Cynthia Hale, a researcher at the University of Minnesota-Duluth, says earthworms are killing tree seedlings by consuming their preferred growth medium -- the layer of decaying plant matter on the forest floor, called duff.

Hale, a graduate student and worm expert in the Department of Forest Resources, said the duff is usually four to five inches thick.

"The worms can eat it all in a year or two, right down to bare soil," Hale said.

In a worst-case scenario, a worm-infested forest prevented from repopulating itself with seedlings might eventually disappear altogether, though few Minnesota forests are in such danger.

Worms have made their way into most of the hardwood stands in the southern part of the state, and 10 to 20 percent of them are heavily infested, Hale said. Half of northern Minnesota seems free of worms, as in the Chippewa National Forest. But 5 to 10 percent are so heavily infested that they could be in danger of disappearing in the next century.

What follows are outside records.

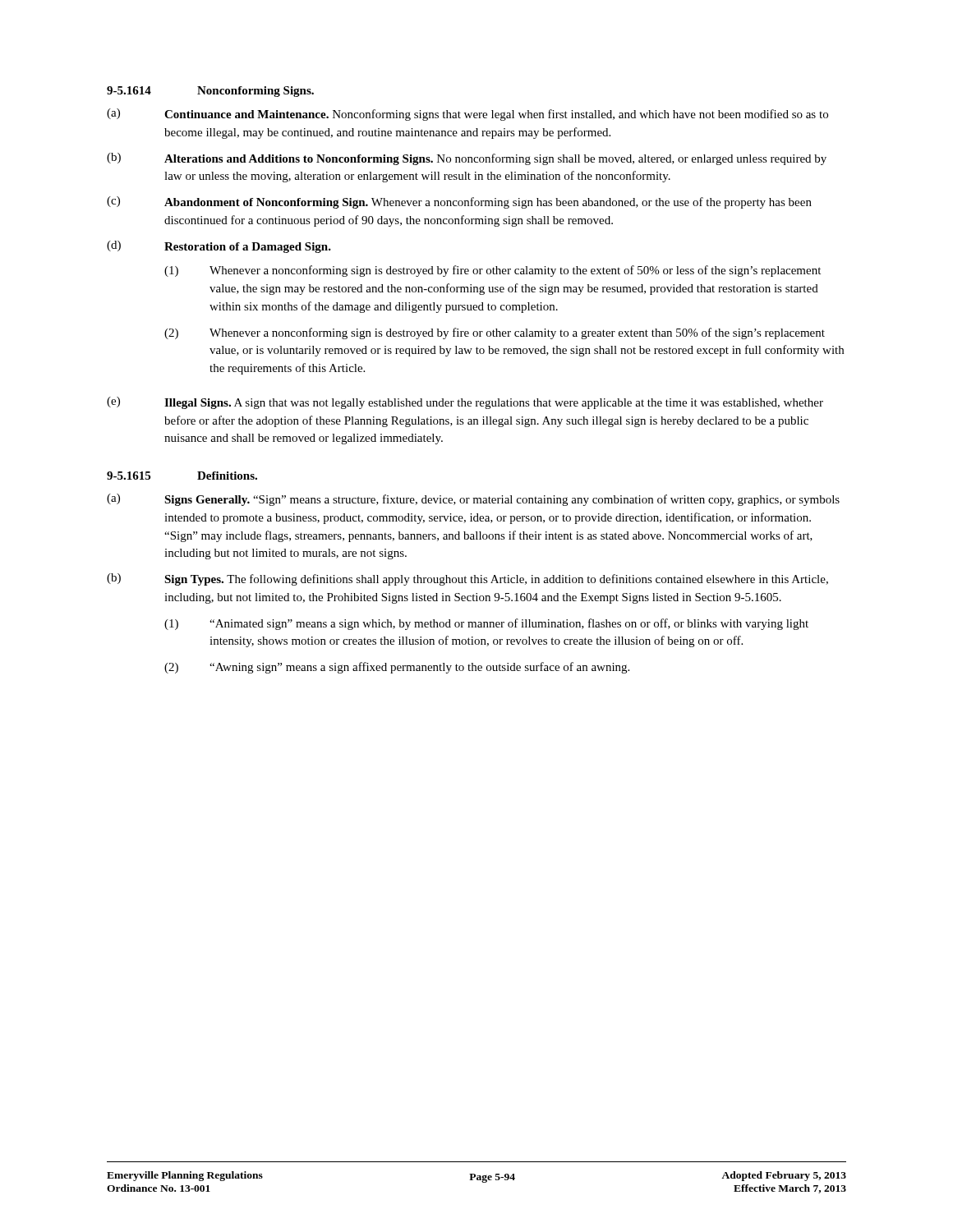Click on the text block starting "9-5.1615 Definitions."
953x1232 pixels.
(x=133, y=475)
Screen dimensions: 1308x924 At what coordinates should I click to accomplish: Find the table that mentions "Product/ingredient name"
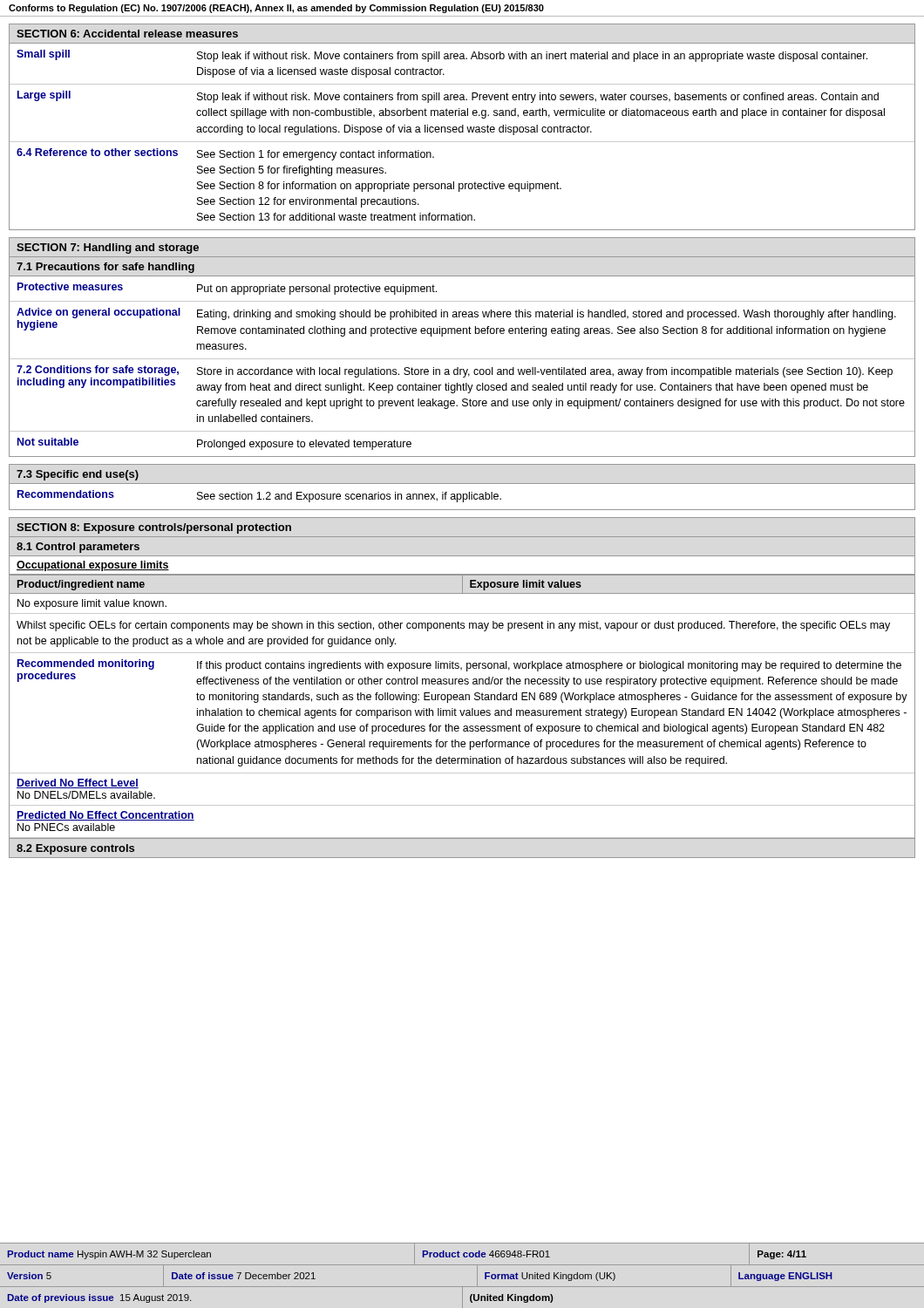coord(462,584)
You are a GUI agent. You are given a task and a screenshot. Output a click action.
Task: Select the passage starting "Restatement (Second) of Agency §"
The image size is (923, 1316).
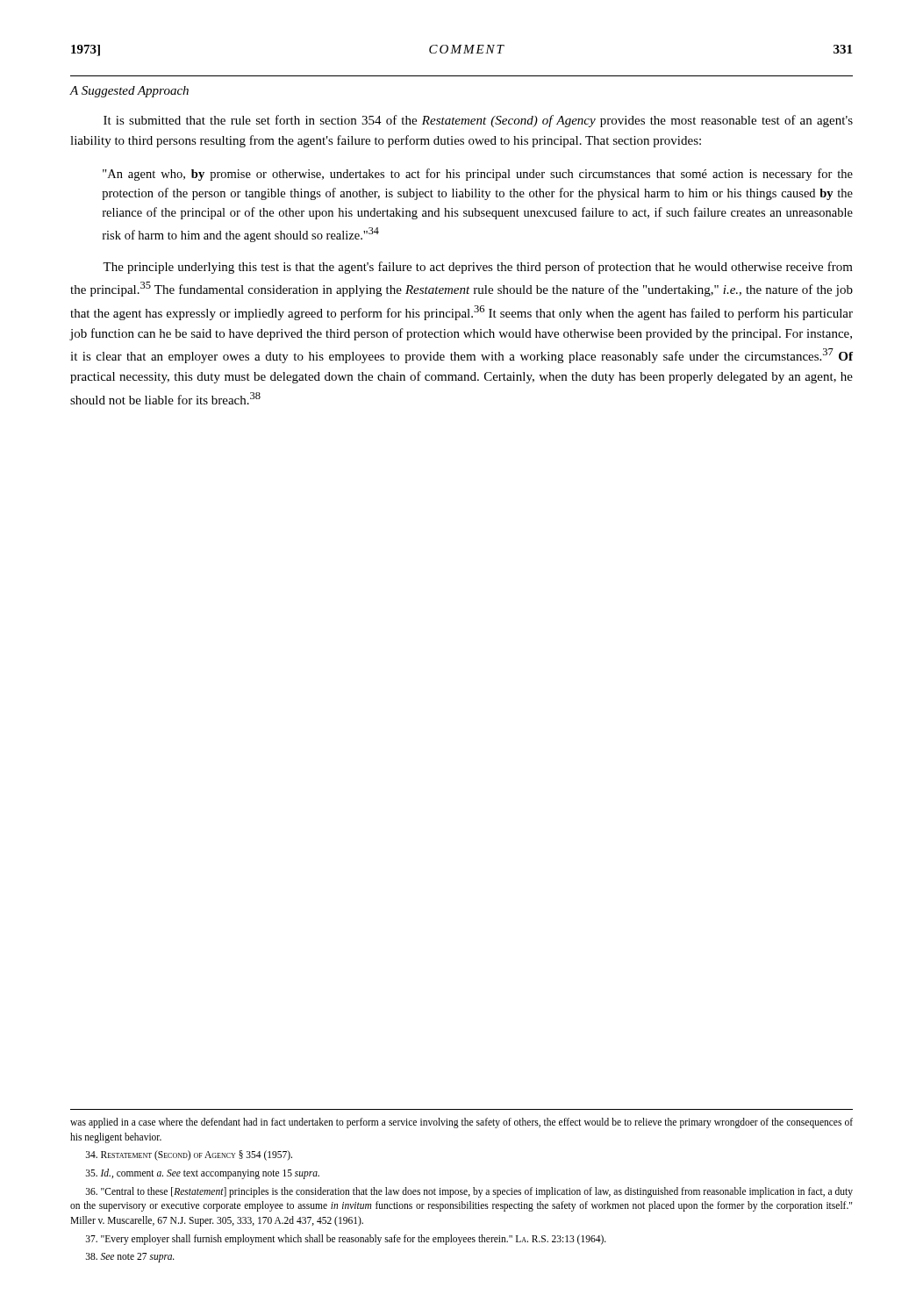tap(189, 1155)
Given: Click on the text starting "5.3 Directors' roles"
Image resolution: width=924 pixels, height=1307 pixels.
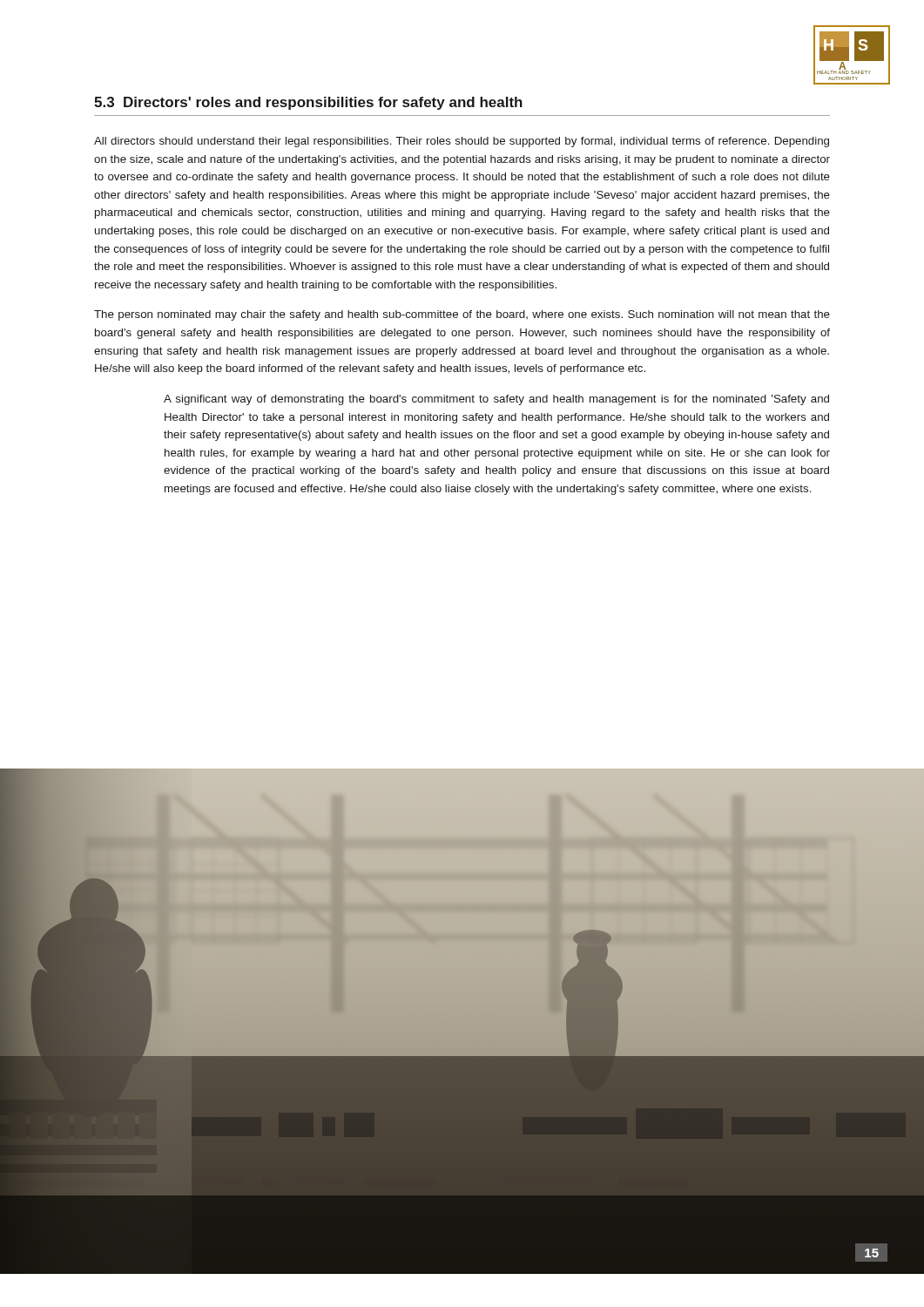Looking at the screenshot, I should click(462, 105).
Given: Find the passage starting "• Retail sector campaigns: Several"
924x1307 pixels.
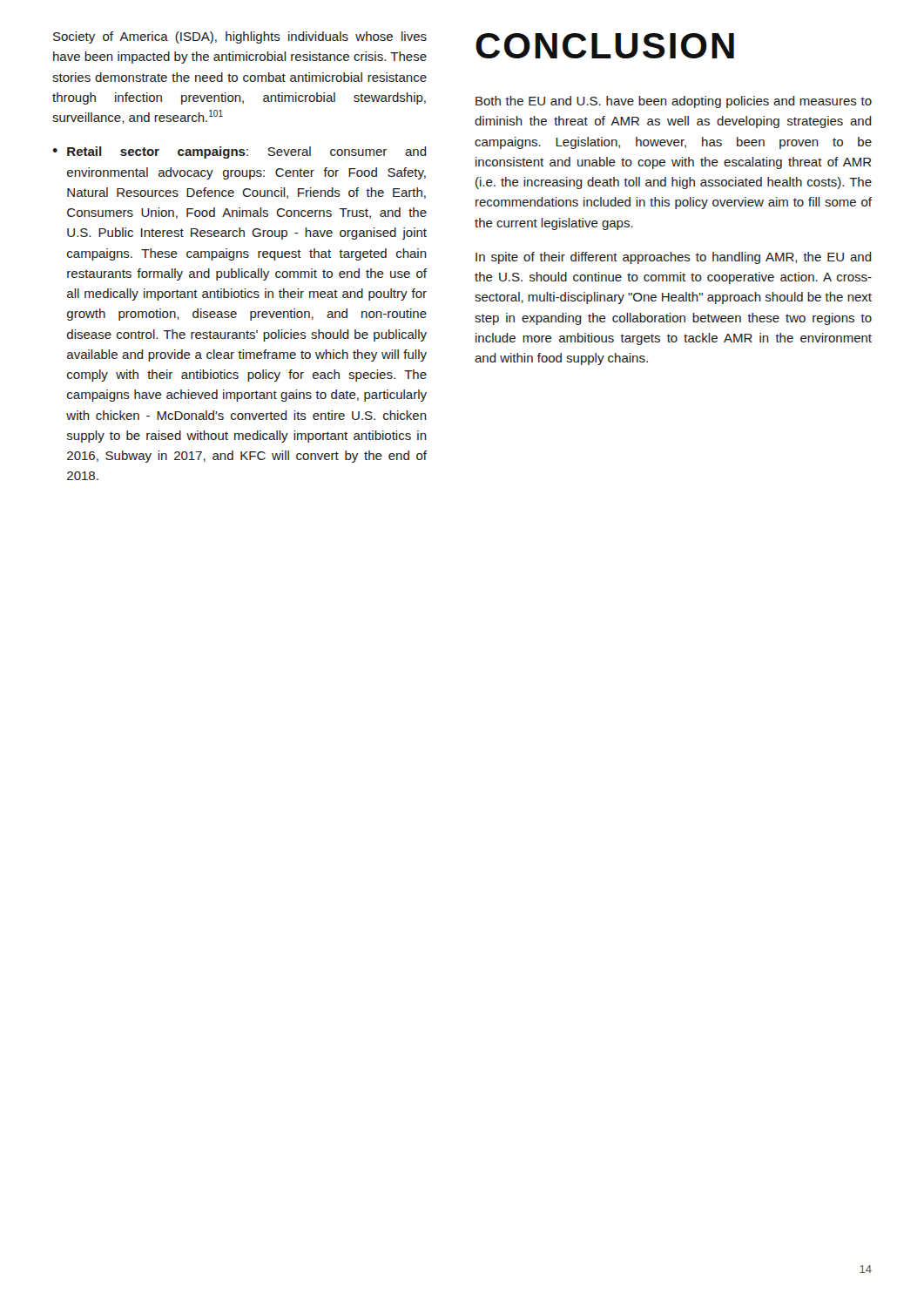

A worm-infested forest looks deceptively healthy because the tree crowns stay green. But the telltale sign of the problem is that nothing new is growing on the forest floor -- no seedlings, and none of the other indigenous plants such as trilliums, violets and Solomon's seal.

Minnesota's hardwood forests are vulnerable because they never had to cohabitate with earthworms before, Hale said. In fact, there were virtually no worms left in the state after the last glacier froze them about 15,000 years ago.

Humans brought earthworms back in potted plants and bait buckets. Farmers tilling or moving the soil then spread them around the southern part of the state during the past several centuries.

"They invaded from the fishing resorts, the boat ramps and the lakeshores," Hale said. Emptying a bait can of worms into a lake or onto the shore is guaranteed to establish a worm colony there. "Worms can swim," she said, "and we can identify new worm populations spreading out radially from lakes."